None of these bets are accidents. They are the same map Meftah has been drawing since Fortify - find the function inside the security stack that everyone needs but nobody owns yet, fund the team that can own it, and don't get distracted by the adjacent shiny thing. Meftah talks about his team mentoring CEOs through "the complexities and challenges of building great teams and companies." It sounds like boilerplate until you remember he is the one who has been those CEOs.

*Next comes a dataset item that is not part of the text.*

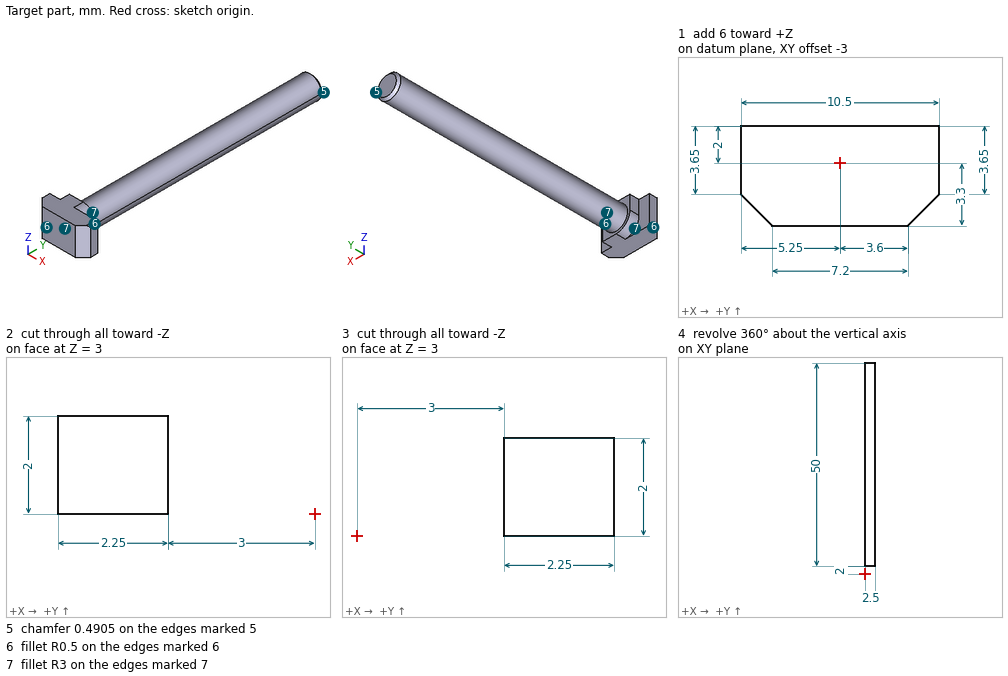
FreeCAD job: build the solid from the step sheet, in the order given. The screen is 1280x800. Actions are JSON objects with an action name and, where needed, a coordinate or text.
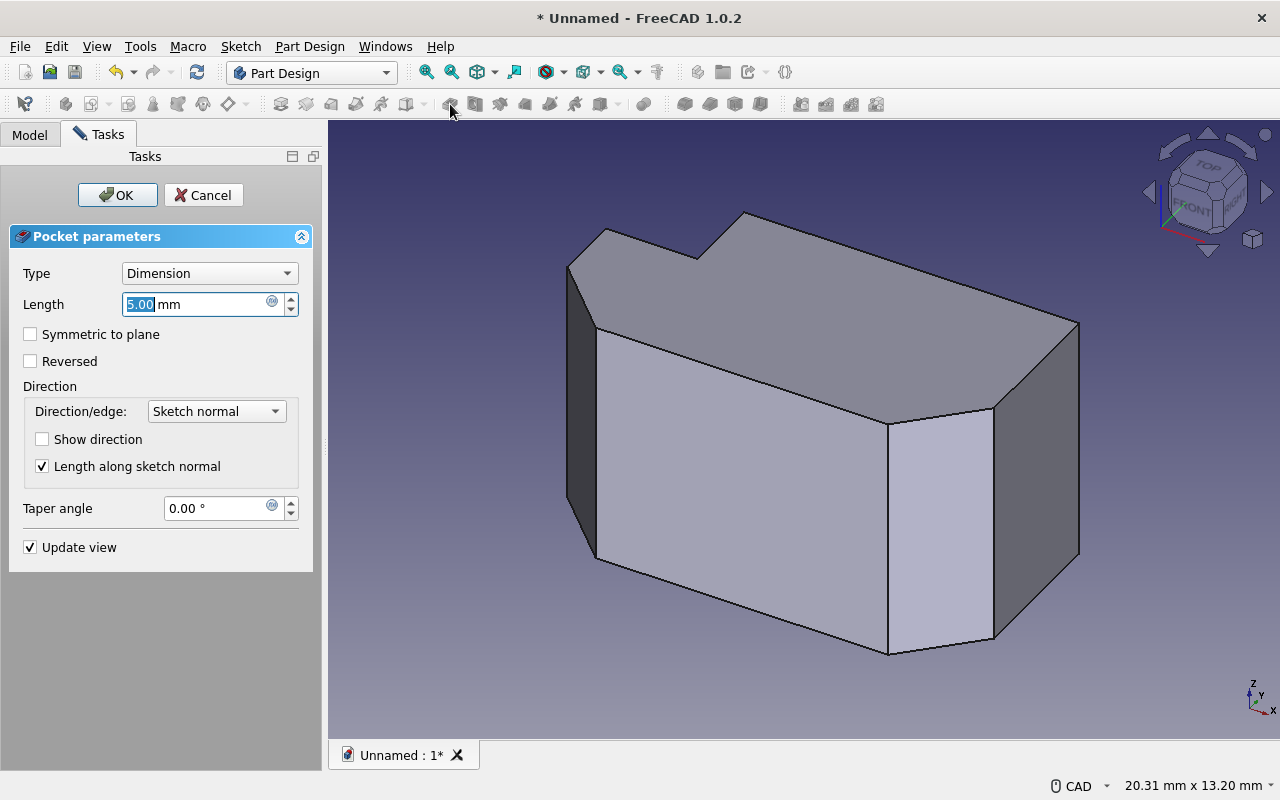
{"action": "left_click", "coordinate": [210, 274]}

The AI security wave is the loudest current theme - prompt injection, model supply chain, autonomous-agent guardrails, deepfake detection, the whole carnival. Ballistic's keyword cloud reads like the table of contents for the next three RSA conferences: AI lifecycle security, malicious deepfake detection, security for AI development, identity security, non-human identity management, cloud security automation, runtime security. Meftah is positioning the firm for a multi-year window where every enterprise rebuilds its security stack around models and agents instead of just users and endpoints.
Off the org chart
The career sketch is the easy part. The person is harder. Meftah holds a master's in computer science from the University of San Francisco - a city he never really left. He is, by his own description on the Ballistic site, a city boy who plays rockstar guitar. It's the kind of throwaway line that should not survive three corporate bios but somehow has. Take it as a signal that he is comfortable saying things on a venture firm's official website that most general partners would scrub.
He shows up at RSA. He sits on industry panels. He writes occasionally for Dark Reading. He is not, by any measure, a Twitter-famous VC; the cyber-Twitter-industrial complex moves on without him and he seems content with that. The visible communication tends to flow through LinkedIn, through portfolio company milestones, and through long-form podcast conversations where he can actually answer a question instead of headline it.
Watch how Ballistic's partners talk about each other and you'll notice the language is closer to a band than a fund. Five co-founders, four of them with operator backgrounds, one straight-line VC. They've worked together, sold to each other, and competed against each other for so long that the firm reads as a continuation of a relationship rather than a new entity. That's the wager Meftah is making with the back half of his career - that the best returns in cybersecurity over the next decade will come from people who have been doing this since the term "cybersecurity" was hyphenated.